Jim Wyban remembers back to the 1950s and ’60s when agriculture generated about half of Hawai‘i’s GDP. Today, he says, ag accounts for about 0.4%.
“We believe that the introduction of technology into agriculture could reverse this bad trend.” The “we” are Wyban and Jason Ueki, founders and organizers of the Thrive Hawai‘i Agrifood Summit, formerly called the Tropical AgTech Conference.
“The conference is an economic development platform showcasing new climate-smart ag technologies that can increase Hawai‘i ag efficiencies, boost production, increase salaries, create exportable intellectual property, and reinvent Hawai‘i ag to be a growth industry,” Wyban says. This year’s event will be held on September 26 and 27 at the Hawai‘i Convention Center in Honolulu.

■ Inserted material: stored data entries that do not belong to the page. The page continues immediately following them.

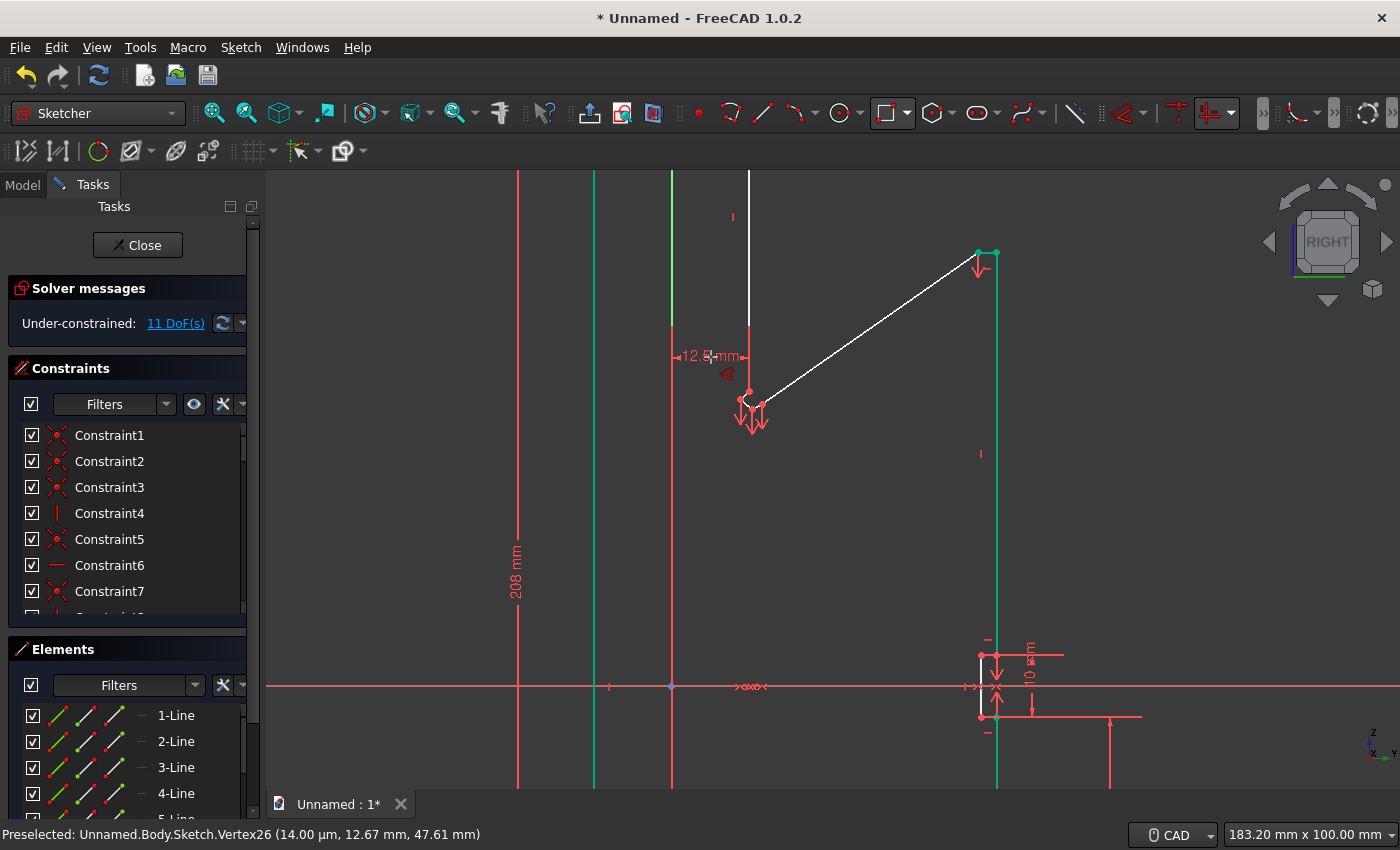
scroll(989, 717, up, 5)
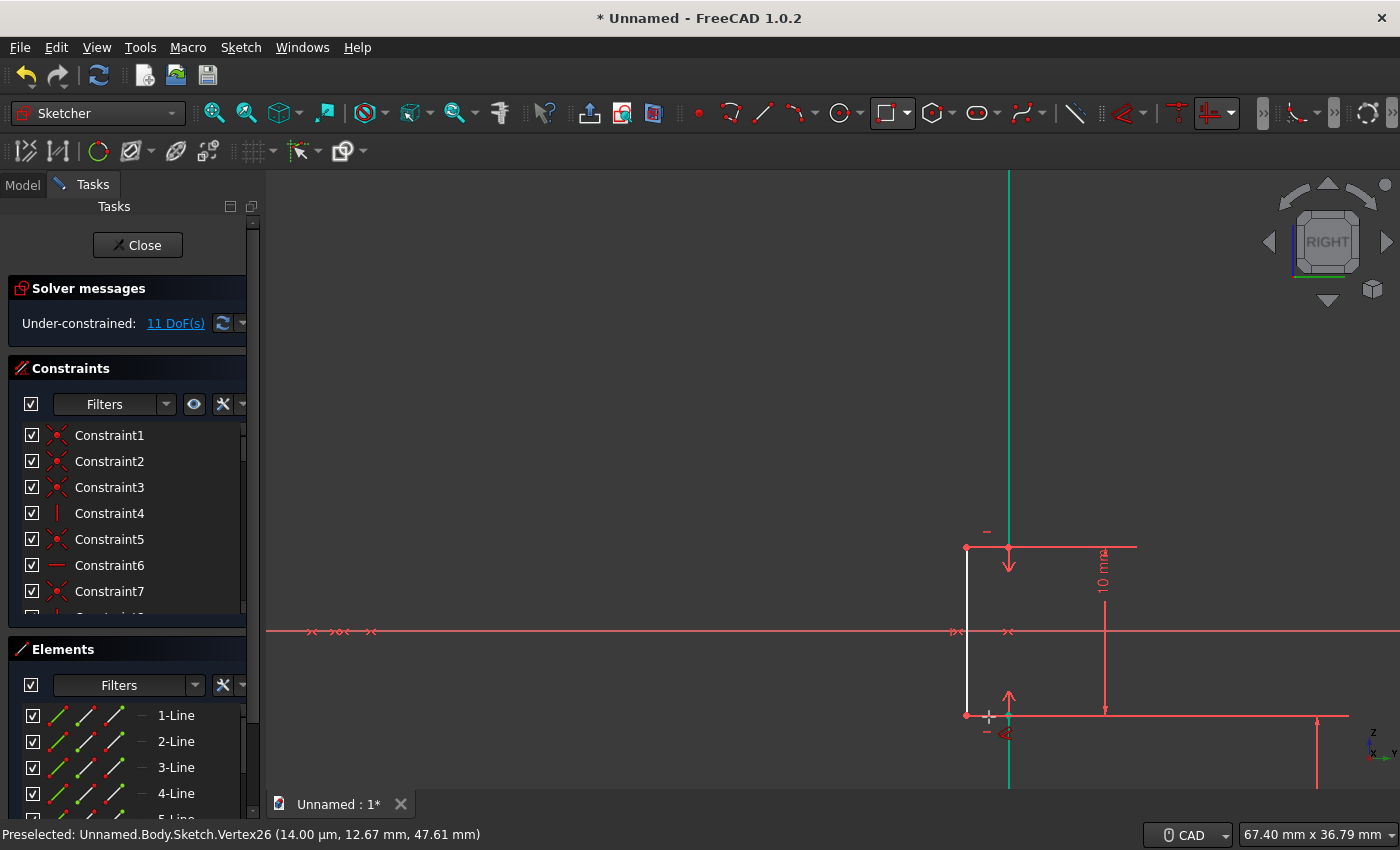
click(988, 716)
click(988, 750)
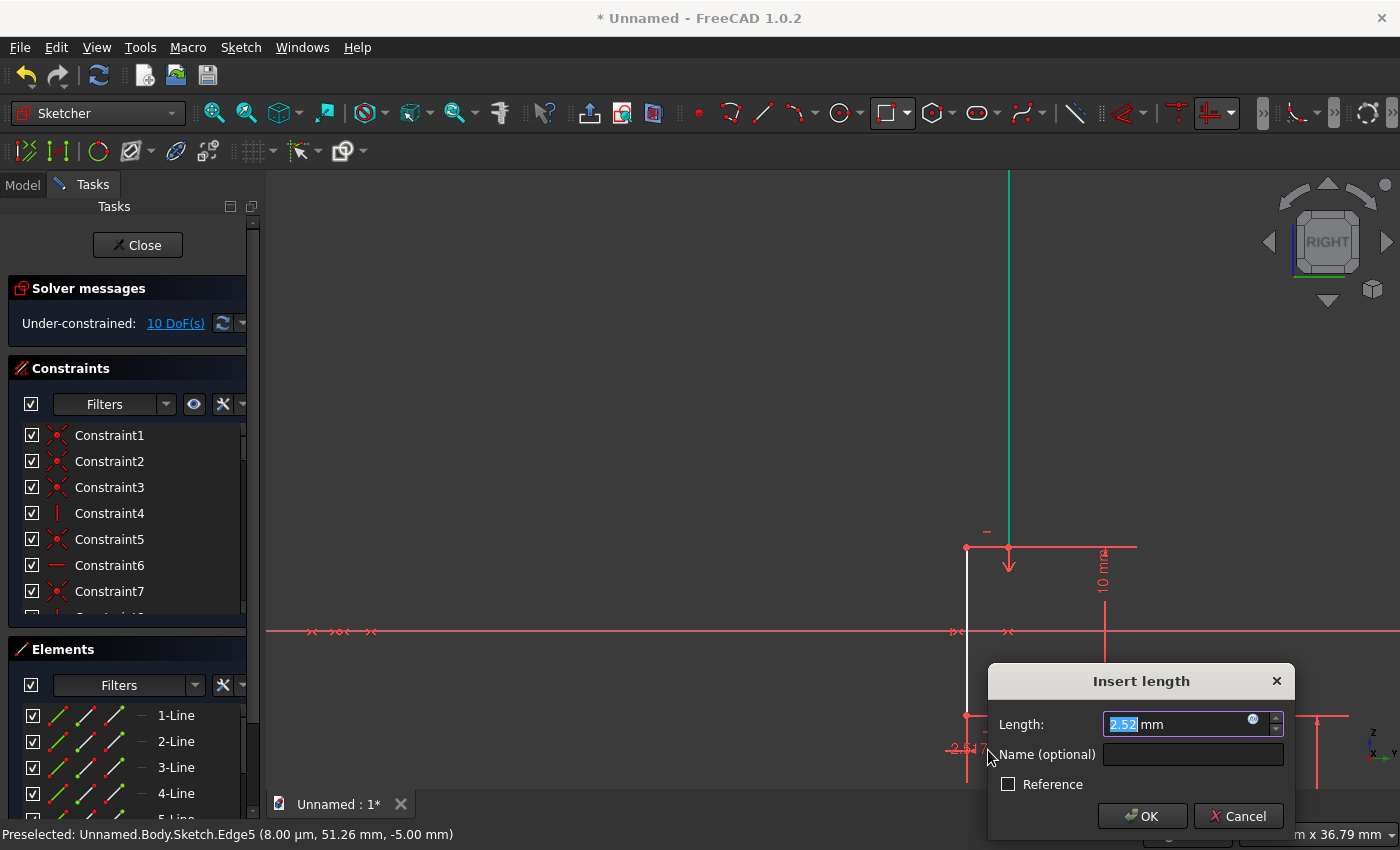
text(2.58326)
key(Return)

Replacing an aging ag workforce
Denise Yamaguchi, executive director of the Hawai‘i Agricultural Foundation, says, “The average age of a farmer in Hawai‘i and across the nation is 60.” The aging farm workforce is not being replaced by younger farmers.
“Many of us living in Hawai‘i are the fourth or fifth generation of immigrants who came to Hawai‘i and worked on plantations,” she says. But most of our parents, grandparents, and great-grandparents, she says, didn’t want their children to become farmers, which has created an ag labor shortage.